[Stored entries]
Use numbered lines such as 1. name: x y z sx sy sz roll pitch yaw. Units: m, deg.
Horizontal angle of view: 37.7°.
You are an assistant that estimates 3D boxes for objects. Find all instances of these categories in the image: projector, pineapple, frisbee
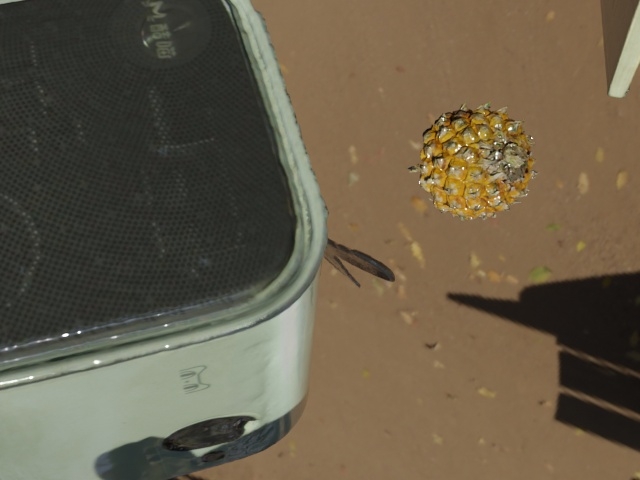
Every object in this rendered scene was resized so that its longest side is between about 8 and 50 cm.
1. projector: -0.140 0.007 0.597 0.249 0.249 0.248 96 159 -62
2. pineapple: 0.232 -0.109 1.276 0.161 0.176 0.137 63 157 -11
3. frisbee: 0.000 0.000 0.905 0.211 0.012 0.187 36 172 24

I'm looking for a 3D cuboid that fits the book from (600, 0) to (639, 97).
1. book: 0.297 -0.304 0.886 0.025 0.282 0.214 6 144 2

GOAL OF THE EXERCISE ▸ Before copying, set the pictures aside; then reproduce each entry above exactly.

THE COMPLETED TASK ▸
Use numbered lines such as 1. name: x y z sx sy sz roll pitch yaw. Units: m, deg.
Horizontal angle of view: 37.7°.
You are an assistant that estimates 3D boxes for objects. Find all instances of these categories in the image: projector, pineapple, frisbee
Every object in this rendered scene was resized so that its longest side is between about 8 and 50 cm.
1. projector: -0.140 0.007 0.597 0.249 0.249 0.248 96 159 -62
2. pineapple: 0.232 -0.109 1.276 0.161 0.176 0.137 63 157 -11
3. frisbee: 0.000 0.000 0.905 0.211 0.012 0.187 36 172 24

I'm looking for a 3D cuboid that fits the book from (600, 0) to (639, 97).
1. book: 0.297 -0.304 0.886 0.025 0.282 0.214 6 144 2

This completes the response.